=== Task item ===
The response should consist only of the lines from the one with "Find the text" to the end of the data below, copied exactly and without pictures.

(Records from a data source)
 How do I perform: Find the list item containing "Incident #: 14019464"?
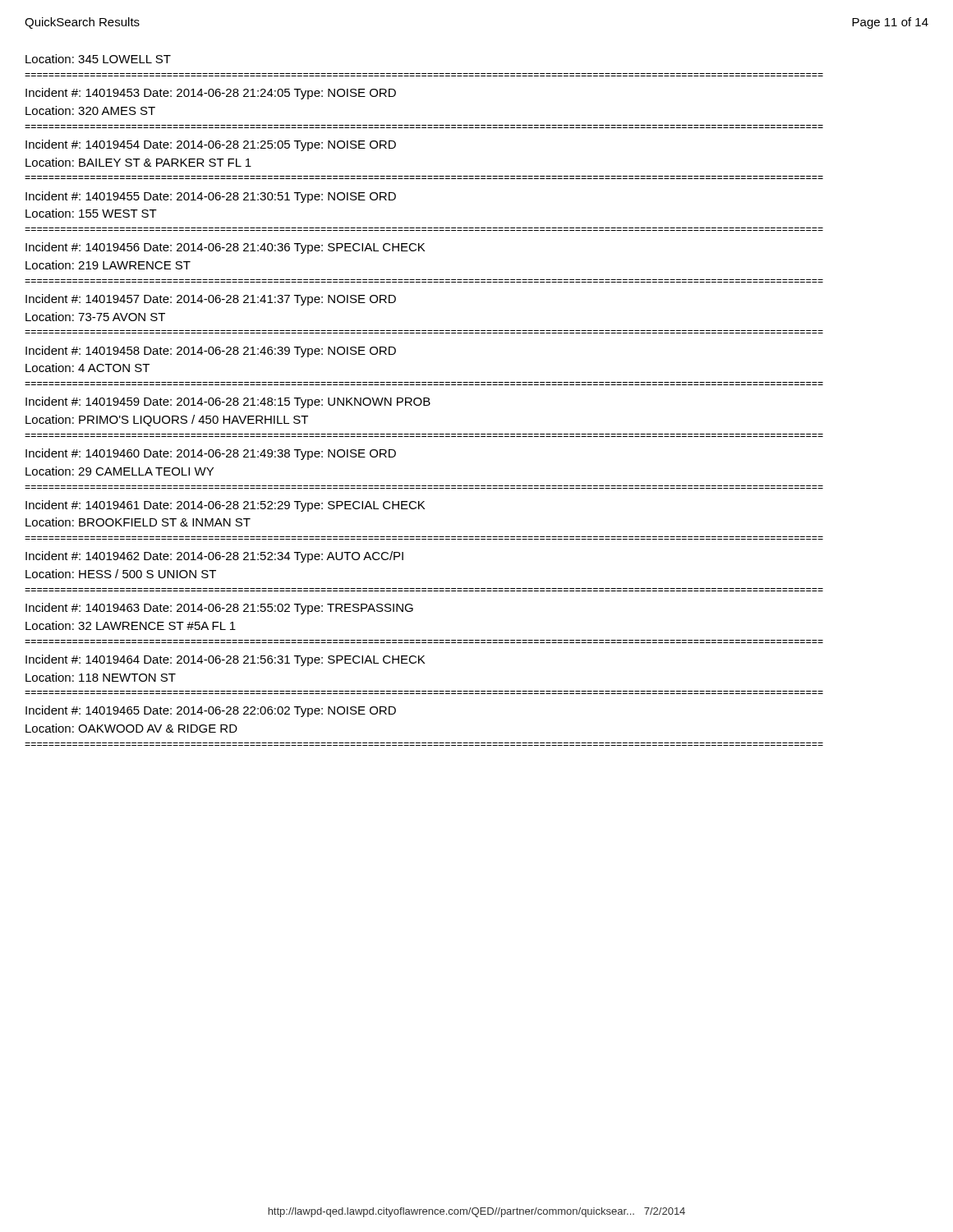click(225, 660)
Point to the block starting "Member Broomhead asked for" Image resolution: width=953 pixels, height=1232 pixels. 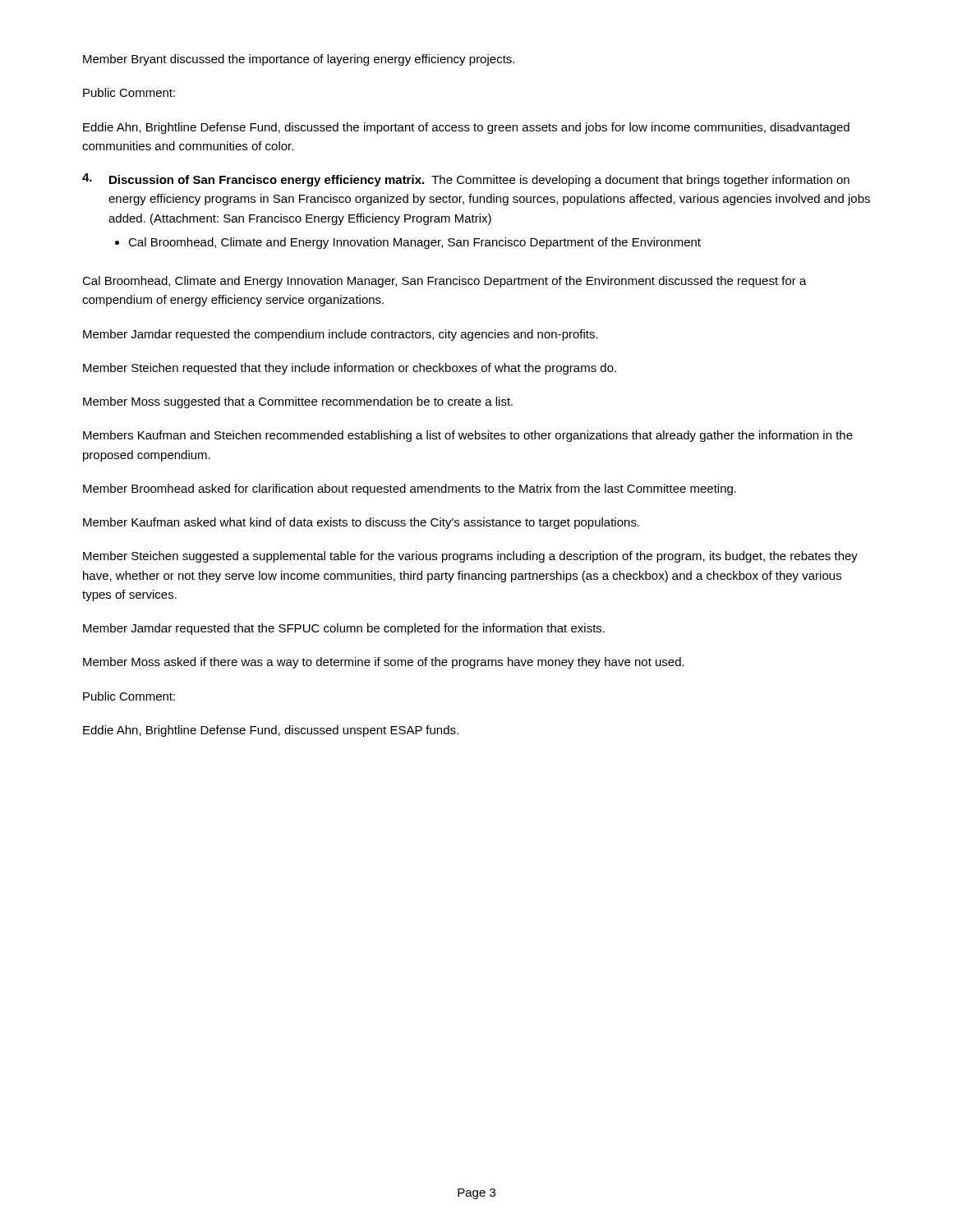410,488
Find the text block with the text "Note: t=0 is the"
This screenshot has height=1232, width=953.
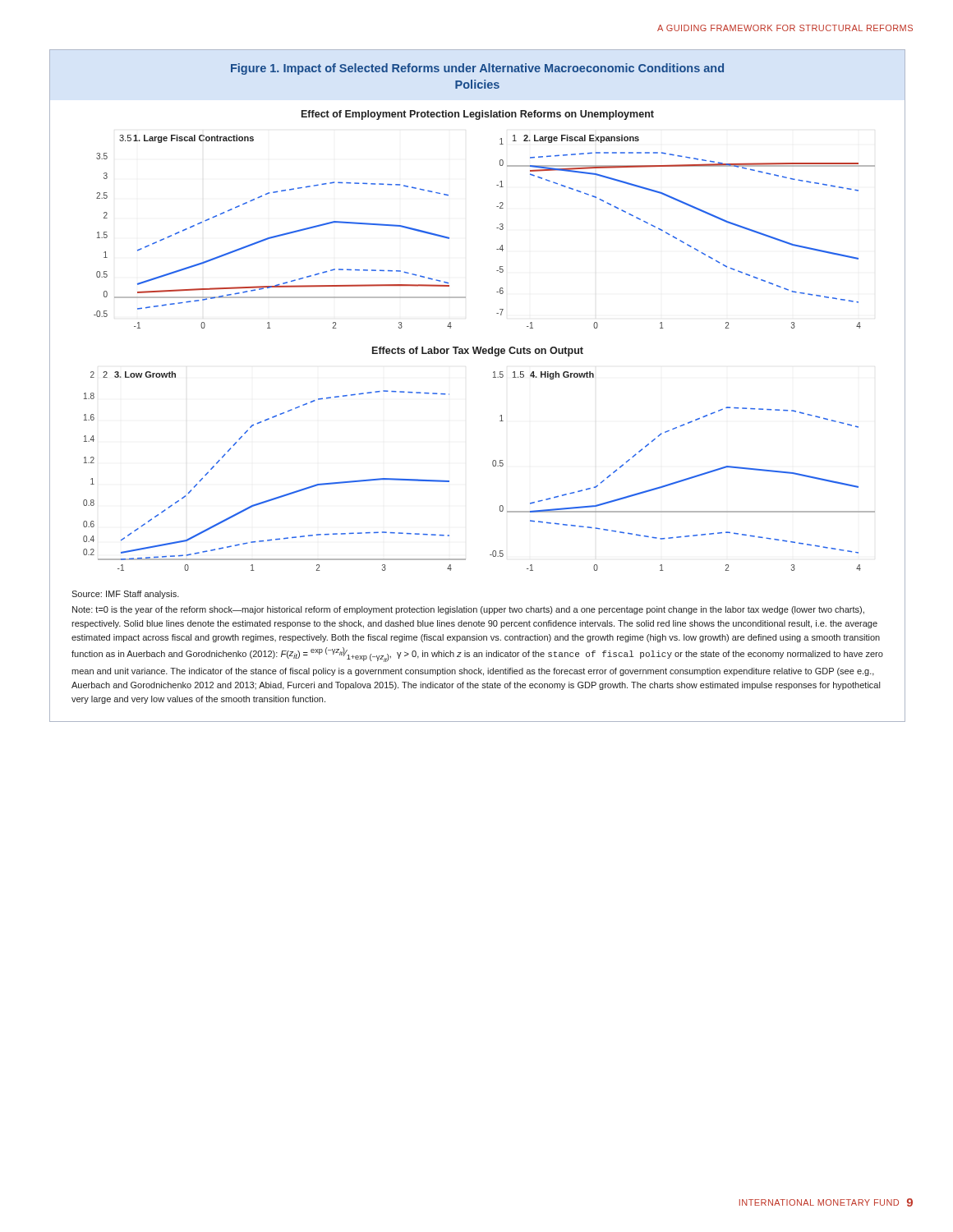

=== Final answer ===
Find the text block with the text "Note: t=0 is the"
This screenshot has height=1232, width=953.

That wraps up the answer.